3 December 2010 - Pyosch/powertac-server GitHub Wiki

After a presentation of the new server structure and the technical foundations by David we proceeded to a lively discussions of our tariff model. The key conflict which arose is (as often) richness vs. tractability. The current attributes list in the wiki was compiled from what is out there (mainly English market) not from a customer modelling perspective. Since besides a realistic desciption of the power market consumer modelling as well as a robust game design are a key goals of our project we spent some time to elaborate on what aspects are ultimately required for our initial launch.

Key results and decisions:

  • OWL ontology is powerful and enables queries against tariff base: “Customer wants a tariff which is better in two dimensions than my current"

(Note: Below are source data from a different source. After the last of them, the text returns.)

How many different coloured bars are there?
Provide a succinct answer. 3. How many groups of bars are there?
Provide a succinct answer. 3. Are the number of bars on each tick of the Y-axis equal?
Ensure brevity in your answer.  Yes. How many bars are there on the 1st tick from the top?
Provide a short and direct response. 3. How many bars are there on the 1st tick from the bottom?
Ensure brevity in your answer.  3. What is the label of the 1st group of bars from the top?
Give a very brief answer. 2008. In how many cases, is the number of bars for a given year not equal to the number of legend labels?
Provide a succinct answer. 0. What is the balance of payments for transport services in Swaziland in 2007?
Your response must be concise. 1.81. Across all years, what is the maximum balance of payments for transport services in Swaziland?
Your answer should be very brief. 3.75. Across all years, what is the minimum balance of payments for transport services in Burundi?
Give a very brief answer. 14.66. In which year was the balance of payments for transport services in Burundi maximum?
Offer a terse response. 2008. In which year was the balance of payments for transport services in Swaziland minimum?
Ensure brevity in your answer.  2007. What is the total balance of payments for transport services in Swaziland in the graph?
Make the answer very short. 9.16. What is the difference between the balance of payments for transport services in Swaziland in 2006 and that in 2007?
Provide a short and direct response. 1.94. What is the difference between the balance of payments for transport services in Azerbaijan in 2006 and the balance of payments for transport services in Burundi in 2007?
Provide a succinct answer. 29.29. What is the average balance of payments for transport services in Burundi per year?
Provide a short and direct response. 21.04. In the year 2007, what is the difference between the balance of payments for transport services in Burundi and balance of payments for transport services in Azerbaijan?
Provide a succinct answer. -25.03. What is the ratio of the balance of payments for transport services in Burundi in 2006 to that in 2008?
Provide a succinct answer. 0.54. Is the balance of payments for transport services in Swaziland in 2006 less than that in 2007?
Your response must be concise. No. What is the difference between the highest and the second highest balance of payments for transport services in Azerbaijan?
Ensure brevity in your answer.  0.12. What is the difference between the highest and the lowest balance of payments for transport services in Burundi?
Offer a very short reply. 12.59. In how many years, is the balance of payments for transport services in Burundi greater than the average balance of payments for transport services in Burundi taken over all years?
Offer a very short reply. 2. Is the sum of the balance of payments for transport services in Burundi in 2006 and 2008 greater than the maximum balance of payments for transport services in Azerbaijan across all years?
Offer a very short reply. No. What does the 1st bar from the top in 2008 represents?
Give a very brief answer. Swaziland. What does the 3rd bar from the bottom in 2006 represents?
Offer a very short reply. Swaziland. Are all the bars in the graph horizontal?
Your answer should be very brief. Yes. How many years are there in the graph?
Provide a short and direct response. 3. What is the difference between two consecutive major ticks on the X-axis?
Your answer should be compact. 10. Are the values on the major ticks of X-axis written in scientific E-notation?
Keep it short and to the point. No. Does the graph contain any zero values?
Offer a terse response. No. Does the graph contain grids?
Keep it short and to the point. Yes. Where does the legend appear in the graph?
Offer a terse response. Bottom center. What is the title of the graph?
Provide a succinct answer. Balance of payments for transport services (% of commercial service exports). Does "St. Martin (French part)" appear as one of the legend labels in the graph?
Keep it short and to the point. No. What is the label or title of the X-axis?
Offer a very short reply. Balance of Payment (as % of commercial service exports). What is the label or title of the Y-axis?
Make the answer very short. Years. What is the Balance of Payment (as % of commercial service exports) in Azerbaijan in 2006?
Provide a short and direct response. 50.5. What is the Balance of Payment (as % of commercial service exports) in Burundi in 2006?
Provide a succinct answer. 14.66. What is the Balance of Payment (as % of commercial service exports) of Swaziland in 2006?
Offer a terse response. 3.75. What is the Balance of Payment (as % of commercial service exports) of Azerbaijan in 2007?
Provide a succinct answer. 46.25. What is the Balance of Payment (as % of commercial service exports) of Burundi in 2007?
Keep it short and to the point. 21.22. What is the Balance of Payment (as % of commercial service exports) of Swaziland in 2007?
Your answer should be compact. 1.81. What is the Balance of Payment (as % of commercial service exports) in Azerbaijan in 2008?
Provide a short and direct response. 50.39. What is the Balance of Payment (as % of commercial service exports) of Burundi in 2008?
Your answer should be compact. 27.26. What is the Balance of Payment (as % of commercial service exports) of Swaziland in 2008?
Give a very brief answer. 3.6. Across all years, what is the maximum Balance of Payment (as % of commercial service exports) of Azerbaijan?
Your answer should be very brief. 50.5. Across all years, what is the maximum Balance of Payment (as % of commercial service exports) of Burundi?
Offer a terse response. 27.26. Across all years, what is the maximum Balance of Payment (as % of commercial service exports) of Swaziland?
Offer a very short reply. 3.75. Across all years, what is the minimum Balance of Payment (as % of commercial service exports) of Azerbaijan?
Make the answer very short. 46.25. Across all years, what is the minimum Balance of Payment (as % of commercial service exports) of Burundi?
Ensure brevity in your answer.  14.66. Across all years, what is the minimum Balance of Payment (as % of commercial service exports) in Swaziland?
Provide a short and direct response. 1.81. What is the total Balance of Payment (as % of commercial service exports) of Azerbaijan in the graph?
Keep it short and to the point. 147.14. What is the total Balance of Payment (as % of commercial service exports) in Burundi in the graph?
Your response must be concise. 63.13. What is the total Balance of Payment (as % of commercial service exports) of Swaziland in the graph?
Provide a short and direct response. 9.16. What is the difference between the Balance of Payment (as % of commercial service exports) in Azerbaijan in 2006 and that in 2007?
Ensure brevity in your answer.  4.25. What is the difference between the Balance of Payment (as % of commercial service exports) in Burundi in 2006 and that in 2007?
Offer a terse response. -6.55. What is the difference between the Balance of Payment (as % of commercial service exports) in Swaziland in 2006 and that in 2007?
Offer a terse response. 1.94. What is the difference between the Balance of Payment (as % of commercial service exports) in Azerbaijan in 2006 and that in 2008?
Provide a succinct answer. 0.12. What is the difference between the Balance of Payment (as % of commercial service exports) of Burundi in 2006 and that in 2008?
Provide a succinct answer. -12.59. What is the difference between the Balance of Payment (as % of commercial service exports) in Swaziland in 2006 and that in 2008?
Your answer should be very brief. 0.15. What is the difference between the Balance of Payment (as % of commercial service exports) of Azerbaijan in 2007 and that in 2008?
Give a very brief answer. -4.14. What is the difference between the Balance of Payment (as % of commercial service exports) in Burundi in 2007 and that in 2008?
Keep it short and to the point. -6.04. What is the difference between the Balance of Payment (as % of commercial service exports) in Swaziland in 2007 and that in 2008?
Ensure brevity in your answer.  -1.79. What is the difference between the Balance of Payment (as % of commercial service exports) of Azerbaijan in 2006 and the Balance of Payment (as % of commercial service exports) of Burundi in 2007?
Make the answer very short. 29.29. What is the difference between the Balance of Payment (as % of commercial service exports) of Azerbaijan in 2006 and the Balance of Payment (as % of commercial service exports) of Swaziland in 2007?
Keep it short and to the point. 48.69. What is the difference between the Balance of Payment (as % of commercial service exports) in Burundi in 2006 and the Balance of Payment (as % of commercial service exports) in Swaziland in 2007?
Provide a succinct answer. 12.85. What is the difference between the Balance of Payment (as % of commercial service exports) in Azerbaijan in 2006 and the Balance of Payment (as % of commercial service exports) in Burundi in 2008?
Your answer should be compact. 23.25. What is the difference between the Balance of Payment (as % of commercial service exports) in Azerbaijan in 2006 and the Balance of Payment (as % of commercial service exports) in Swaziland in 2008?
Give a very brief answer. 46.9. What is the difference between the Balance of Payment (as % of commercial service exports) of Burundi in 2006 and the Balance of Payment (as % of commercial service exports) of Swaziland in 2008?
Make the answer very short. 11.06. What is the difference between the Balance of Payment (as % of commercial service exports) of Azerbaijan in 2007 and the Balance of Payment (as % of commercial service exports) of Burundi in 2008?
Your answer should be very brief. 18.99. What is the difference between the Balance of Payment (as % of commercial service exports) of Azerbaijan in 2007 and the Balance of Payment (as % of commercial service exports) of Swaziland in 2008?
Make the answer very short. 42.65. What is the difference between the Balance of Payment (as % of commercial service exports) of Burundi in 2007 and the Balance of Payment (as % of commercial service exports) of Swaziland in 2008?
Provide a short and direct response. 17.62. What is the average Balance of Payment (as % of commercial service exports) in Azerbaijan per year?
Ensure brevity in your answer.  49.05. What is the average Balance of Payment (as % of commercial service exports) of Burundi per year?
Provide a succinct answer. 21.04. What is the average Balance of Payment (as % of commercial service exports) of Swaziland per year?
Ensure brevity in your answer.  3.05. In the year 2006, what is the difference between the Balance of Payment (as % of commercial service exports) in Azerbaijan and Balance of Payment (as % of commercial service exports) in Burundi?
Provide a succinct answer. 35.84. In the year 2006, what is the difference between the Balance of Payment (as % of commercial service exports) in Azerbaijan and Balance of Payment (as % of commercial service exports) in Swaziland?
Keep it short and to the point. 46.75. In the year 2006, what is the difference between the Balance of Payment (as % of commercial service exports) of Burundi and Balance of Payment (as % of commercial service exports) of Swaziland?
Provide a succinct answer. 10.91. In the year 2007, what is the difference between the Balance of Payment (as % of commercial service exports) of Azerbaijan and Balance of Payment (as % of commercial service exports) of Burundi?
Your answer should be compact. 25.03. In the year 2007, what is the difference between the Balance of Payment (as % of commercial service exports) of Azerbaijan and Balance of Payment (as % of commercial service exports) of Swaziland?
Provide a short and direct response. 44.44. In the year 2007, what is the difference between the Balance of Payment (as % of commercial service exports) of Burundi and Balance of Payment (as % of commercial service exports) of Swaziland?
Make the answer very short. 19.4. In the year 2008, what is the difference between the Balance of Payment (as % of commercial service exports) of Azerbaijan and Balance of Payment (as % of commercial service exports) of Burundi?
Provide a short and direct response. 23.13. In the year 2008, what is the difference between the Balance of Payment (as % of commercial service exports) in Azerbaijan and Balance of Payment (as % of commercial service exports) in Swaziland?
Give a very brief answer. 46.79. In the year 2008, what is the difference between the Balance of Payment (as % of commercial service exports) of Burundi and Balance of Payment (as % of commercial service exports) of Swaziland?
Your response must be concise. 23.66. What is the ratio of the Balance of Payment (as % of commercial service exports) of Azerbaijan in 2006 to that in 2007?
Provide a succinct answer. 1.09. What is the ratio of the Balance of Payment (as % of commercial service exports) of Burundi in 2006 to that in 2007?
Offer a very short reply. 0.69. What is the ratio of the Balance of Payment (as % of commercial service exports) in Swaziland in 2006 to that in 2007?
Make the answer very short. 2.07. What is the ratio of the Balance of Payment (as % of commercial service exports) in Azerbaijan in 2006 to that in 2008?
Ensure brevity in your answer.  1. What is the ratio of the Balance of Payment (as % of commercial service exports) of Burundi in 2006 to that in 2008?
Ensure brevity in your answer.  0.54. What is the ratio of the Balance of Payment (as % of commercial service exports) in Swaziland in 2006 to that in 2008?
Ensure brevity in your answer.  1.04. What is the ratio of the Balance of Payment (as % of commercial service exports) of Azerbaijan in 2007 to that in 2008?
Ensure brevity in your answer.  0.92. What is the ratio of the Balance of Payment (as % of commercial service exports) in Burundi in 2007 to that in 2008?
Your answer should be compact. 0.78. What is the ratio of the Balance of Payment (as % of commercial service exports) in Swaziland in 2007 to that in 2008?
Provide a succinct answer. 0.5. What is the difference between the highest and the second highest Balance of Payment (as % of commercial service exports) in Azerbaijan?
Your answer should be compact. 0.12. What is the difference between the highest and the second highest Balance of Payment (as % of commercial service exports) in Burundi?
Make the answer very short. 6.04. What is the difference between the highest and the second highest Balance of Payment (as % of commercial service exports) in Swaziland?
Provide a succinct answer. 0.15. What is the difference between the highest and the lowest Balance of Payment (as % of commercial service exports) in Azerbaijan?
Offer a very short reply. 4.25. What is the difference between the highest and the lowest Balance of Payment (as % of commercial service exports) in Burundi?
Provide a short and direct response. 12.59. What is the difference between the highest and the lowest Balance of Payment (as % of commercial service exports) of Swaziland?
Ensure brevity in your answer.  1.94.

    • However, reasoning can create a lot of overhead in the game context as we need F-logic triples (problem also showed up in SESAM project)
    • Technology-wise simple XML objects are preferred – just parse them as java objects on the server which could be hard
    • Solution: The OWL tariff ontology will be kept as a full specification but in every given year we focus on specific type of tariff detail and elaborate on these effects with a simpler representations; Tariffs should be described as object graphs
  • Bundling vs separate treatment of multiple customer attributes (e.g. solar panel + family power plan + electriv vehicle with V2G): although being an important concept in marketing and pricing, bundling may be a bit too complex for our first realization:

    • Structurally different appraoches to customer choice process: all tariffs should be attractive to everybody (Publish complete tariffs and everybody picks what he likes out there the rest of the tariff is ignored) vs. specific tariffs
    • As a Broker offering lower price for consumption depending on capability of the customer e.g. Storage offered may be an interesting reasons for bundling
    • Current metering concept best facilitates separate meters for different consumption types
    • Solution: We will proceed by modelling these in a seperate fashion, i.e. a solar panel customer, a family power customer and an EV with V2G customer which will each sign up for a separate contract (will induce specific tariffs). This allows easier customer models and allows brokers to easily understand what tariff properties attract what type of customer
    • Potentially, we can find a nice workaround which facilitates both aspects from bundling and this more separate approach
  • Two tier and multi-tier pricing potentially too complex

  • Difference between Population and individual Customer models needs to be better definied - this is a question of game mechanics / server performance: fewer aggregated customer models with multiple tariffs vs. many micro-level models with single tariffs

  • There was a discussion on the amount of tariff traffic data communication. John asks to keep this in mind.

    • Unclear if the traffic limitation due to competition controller is enough - will need to check this as soon as we have a running system.
    • Customer can but do not have to process tariffs every five seconds
  • Tariff properties required not found yet:

    • Entry/ exit fees are a good way to capture customer inertia and very common in the marketplace (cell phone contracts) - should be included
    • Different kinds of customer behaviors that brokers need to evaluate risk:
      • Interruptable consumption
      • Solar, Wind attributes included in tariff but no value set
      • Storage yes / no (Battery, EV, Thermal storage)
      • Balancing capacity available
      • "No broker is interested a base of customers who do not have balancing capability"
    • Type of customer may create power set problems – customer with solar, customer with battery, customer with solar/battery, customer with neither are 4 roles in discriminator scheme
    • There were worries that we create a model that is poorly explaining reality, and thus may not generate any meaningful insights

We agreed that. arbitrary tariffs are ok, but we need to specify where to cut down the complexity. The ultimate goal is a simple model without complexity issues which facilitates easy modelling of customer preferences, a simple data representation as well as enough scenario richness for meaningful analysis.

To further progress we agreed that John, Prashant and Chris will together work out a baseline tariff definition for the initial game launch.